### Information given
=== Section Start ===
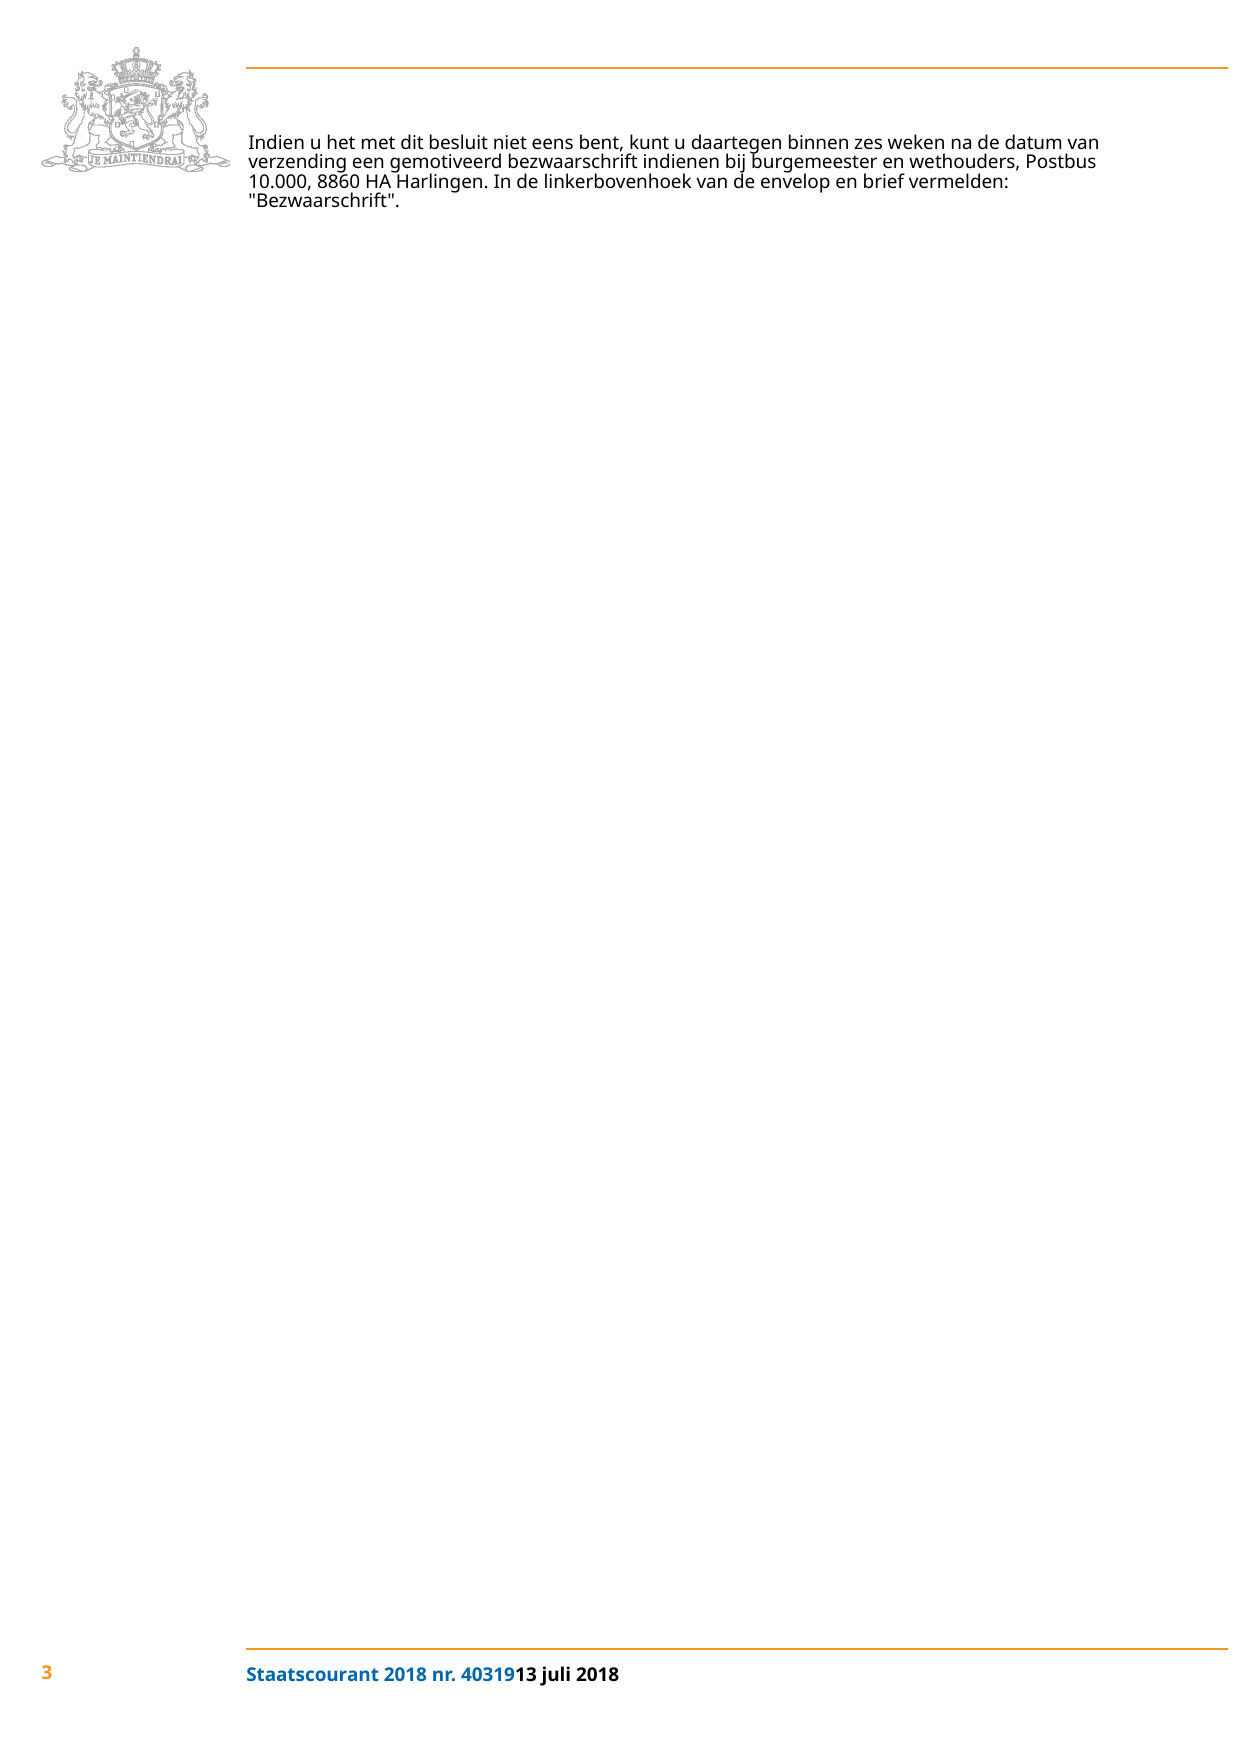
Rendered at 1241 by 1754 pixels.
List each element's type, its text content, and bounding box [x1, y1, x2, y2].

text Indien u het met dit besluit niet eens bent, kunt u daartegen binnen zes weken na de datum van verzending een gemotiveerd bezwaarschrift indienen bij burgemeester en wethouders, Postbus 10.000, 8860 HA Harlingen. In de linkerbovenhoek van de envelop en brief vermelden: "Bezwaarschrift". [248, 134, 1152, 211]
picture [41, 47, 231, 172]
=== Section End ===
=== Section Start ===
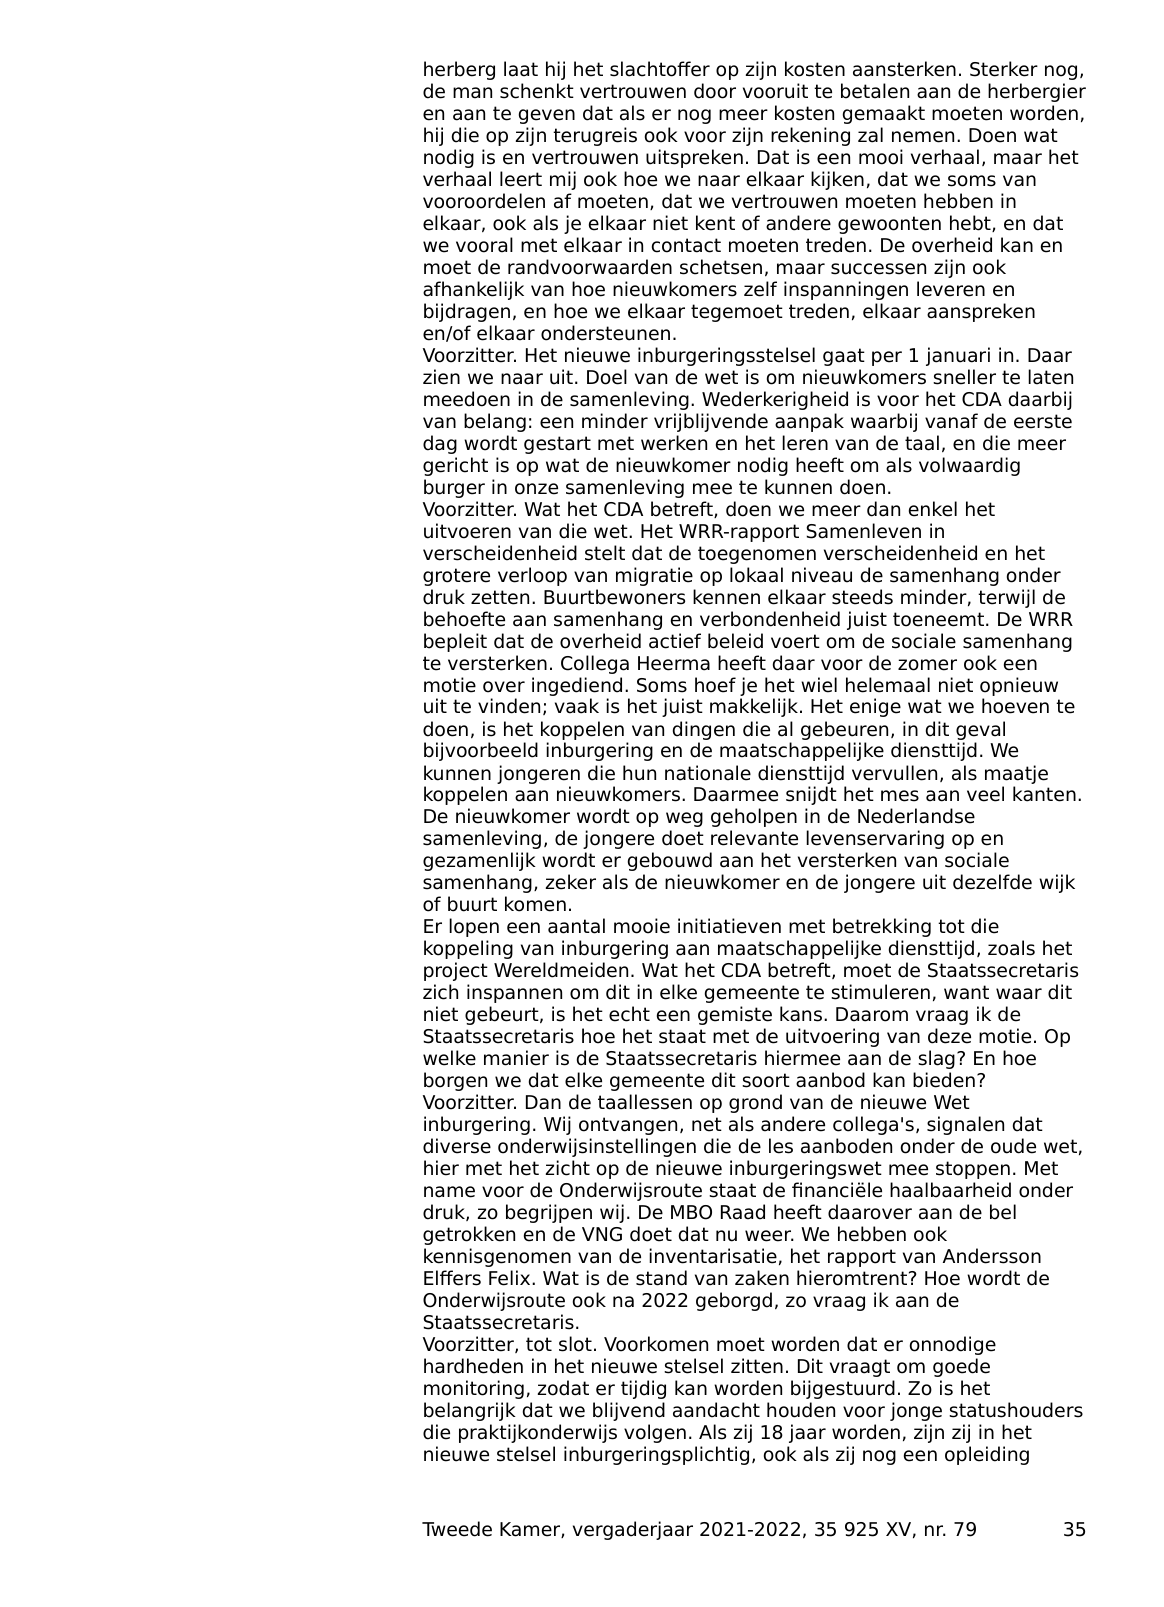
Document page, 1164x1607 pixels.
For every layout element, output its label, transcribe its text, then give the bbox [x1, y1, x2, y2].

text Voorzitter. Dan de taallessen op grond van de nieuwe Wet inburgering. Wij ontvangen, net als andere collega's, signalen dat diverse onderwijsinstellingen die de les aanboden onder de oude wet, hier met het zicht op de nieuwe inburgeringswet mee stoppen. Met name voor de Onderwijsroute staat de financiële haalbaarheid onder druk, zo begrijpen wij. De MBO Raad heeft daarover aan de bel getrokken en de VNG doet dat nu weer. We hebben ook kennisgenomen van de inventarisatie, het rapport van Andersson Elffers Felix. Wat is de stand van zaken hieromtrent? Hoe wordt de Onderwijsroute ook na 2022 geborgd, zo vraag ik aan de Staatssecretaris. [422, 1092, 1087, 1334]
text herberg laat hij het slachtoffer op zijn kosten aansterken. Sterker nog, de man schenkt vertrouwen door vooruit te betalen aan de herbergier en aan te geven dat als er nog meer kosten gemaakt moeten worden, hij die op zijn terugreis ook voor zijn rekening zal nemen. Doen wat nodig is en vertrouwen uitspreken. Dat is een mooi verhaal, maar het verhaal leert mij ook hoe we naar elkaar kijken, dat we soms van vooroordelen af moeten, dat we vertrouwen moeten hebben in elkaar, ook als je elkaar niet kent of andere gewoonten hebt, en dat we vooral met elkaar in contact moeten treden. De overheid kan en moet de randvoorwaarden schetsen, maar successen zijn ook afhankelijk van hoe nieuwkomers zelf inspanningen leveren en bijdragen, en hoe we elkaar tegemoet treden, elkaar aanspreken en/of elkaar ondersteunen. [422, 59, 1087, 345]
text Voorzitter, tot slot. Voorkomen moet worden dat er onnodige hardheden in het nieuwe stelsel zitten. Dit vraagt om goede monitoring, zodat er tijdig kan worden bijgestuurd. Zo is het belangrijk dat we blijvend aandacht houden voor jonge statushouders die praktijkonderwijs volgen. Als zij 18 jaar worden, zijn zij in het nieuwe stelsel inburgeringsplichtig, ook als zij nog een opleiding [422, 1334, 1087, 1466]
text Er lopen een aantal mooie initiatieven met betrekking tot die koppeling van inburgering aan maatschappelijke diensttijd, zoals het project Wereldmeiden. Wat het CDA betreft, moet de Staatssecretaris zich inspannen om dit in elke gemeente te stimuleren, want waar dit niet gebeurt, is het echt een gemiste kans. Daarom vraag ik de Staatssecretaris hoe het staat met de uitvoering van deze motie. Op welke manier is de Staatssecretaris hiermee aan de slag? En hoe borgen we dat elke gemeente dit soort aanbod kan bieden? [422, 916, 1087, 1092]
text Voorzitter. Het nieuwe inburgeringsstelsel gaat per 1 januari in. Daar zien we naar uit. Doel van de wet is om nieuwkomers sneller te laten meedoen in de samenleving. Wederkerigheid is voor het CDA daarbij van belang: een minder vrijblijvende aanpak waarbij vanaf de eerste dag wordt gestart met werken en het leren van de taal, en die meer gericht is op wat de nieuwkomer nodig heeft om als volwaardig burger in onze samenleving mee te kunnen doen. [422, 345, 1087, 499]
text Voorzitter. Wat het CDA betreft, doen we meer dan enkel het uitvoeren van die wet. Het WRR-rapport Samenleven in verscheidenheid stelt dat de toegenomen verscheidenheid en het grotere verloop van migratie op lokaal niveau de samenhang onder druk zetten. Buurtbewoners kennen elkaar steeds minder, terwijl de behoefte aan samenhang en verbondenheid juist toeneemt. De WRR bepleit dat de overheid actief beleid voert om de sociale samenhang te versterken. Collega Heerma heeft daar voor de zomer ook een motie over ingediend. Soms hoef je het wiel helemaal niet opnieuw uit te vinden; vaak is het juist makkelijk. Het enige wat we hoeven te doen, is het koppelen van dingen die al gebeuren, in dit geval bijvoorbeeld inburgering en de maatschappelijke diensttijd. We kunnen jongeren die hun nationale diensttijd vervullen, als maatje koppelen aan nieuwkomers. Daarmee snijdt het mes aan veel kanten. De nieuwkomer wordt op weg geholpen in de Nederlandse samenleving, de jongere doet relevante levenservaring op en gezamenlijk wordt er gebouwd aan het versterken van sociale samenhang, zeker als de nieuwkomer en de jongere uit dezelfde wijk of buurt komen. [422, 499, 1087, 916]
=== Section End ===
### About this task
Please determine how many lines of the listing above include the word "pixels" and state only that number.

### Task result
2